The Conservative Party’s Impossible Brexit Politics
of ‘Habitation versus Improvement’

30th of April, 2020

Matthew Watson
Department of Politics and International Studies
University of Warwick

The Conservative Party has just managed to win a general election whilst breaking the first law of British electoral politics in being unsure of what it stands for economically.  For thirty years now, the commentariat has speculated whether ‘Europe’ would follow the repeal of the Corn Laws in 1846 and tariff reform in 1903 in splitting the Conservative Parliamentary Party over free trade.  Boris Johnson has avoided such a split, but only by purging his party of parliamentary candidates who dissented from his vision of a Brexit Britain beyond the European single market and the EU’s customs union.  The Conservative Party might no longer know itself when viewed historically, but it has just proved that it knows how to construct an electorally successful populist appeal to a nationalist politics of habitation.

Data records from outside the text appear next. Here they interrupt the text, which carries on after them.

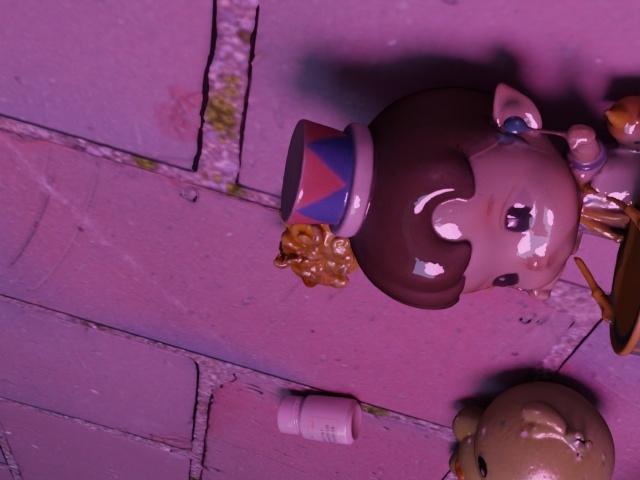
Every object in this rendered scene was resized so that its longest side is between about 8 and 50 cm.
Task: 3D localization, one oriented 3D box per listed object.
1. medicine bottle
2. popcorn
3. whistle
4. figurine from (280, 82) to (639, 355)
[{"bbox_3d":[-0.001,0.204,0.985,0.089,0.052,0.052,2,143,20],"label":"medicine bottle"},{"bbox_3d":[0.000,0.000,0.701,0.083,0.057,0.082,32,141,-16],"label":"popcorn"},{"bbox_3d":[0.189,0.234,0.878,0.141,0.141,0.294,23,145,-9],"label":"whistle"},{"bbox_3d":[0.111,-0.017,0.542,0.275,0.158,0.161,8,135,12],"label":"figurine"}]
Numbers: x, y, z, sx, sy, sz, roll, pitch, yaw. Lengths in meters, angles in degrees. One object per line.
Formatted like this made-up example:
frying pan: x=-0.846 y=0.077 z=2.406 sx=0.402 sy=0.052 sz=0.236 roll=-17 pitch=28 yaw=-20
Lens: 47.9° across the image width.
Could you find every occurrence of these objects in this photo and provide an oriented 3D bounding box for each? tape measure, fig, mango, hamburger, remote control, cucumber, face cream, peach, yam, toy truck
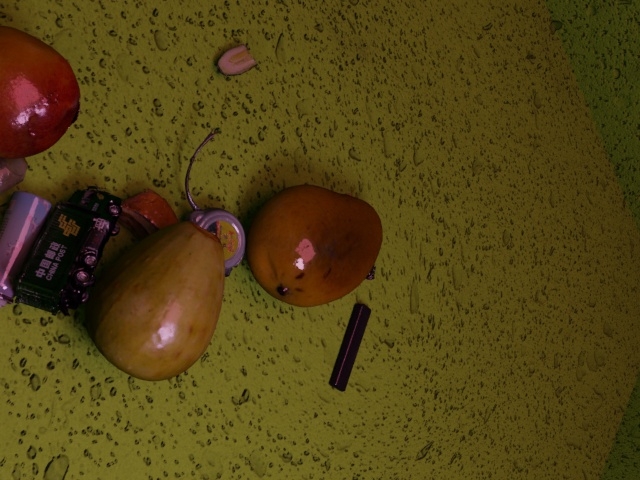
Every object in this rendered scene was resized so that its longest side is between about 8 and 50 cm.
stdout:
tape measure: x=-0.244 y=-0.081 z=1.636 sx=0.164 sy=0.084 sz=0.330 roll=7 pitch=84 yaw=-46
fig: x=-0.309 y=0.115 z=1.437 sx=0.258 sy=0.258 sz=0.326 roll=42 pitch=73 yaw=-34
mango: x=0.000 y=0.000 z=1.789 sx=0.445 sy=0.220 sz=0.301 roll=-26 pitch=101 yaw=-52
hamburger: x=-0.349 y=-0.051 z=1.533 sx=0.176 sy=0.087 sz=0.102 roll=44 pitch=61 yaw=-31
remote control: x=0.085 y=0.292 z=1.977 sx=0.063 sy=0.025 sz=0.245 roll=37 pitch=64 yaw=-41
cucumber: x=-0.209 y=-0.422 z=1.723 sx=0.107 sy=0.035 sz=0.067 roll=-36 pitch=94 yaw=-38
face cream: x=-0.570 y=0.026 z=1.326 sx=0.075 sy=0.075 sz=0.229 roll=29 pitch=69 yaw=-39
peach: x=-0.545 y=-0.258 z=1.269 sx=0.231 sy=0.231 sz=0.231 roll=3 pitch=86 yaw=-44
yam: x=-0.595 y=-0.115 z=1.312 sx=0.146 sy=0.070 sz=0.069 roll=-44 pitch=117 yaw=-35
toy truck: x=-0.467 y=0.014 z=1.365 sx=0.121 sy=0.088 sz=0.259 roll=20 pitch=49 yaw=-9

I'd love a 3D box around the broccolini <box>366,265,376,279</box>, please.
broccolini: x=0.069 y=0.082 z=1.947 sx=0.201 sy=0.074 sz=0.058 roll=-4 pitch=108 yaw=-42

Therein manifests the irony of ministers whose impulse will forever be as Thatcherite free market improvers resolutely championing anti-Thatcherite anti-free market habitation as a means of using regulatory independence to protect the interests of a native in-group.  Johnson has successfully pulled the confidence trick that his Government is somehow to be seen as a habitation-oriented insurgent, as the antidote to the previous Conservative Government in whose ranks so many of its ministers also served.  However, his first Cabinet appointments to the three great offices of state were all confirmed small-state Thatcherites, with two helping to co-author the infamous Britannia Unchained, a 2012 book dreaming of a Britain in which state support of everyday life is completely eliminated.  During the Brexit referendum, Johnson himself argued alongside the most extreme free marketeers that the EU was a protectionist club that barred the way to the country fulfilling its laissez-faire destiny.  Still the utopia exists in Conservative Party rhetoric of a buccaneering Global Britain as laissez-faire role model, where a nineteenth-century imperial throwback UK wins everyone over to its vision of universal free trade whilst it also eagerly embraces significant commercial frictions with its nearest trading partners.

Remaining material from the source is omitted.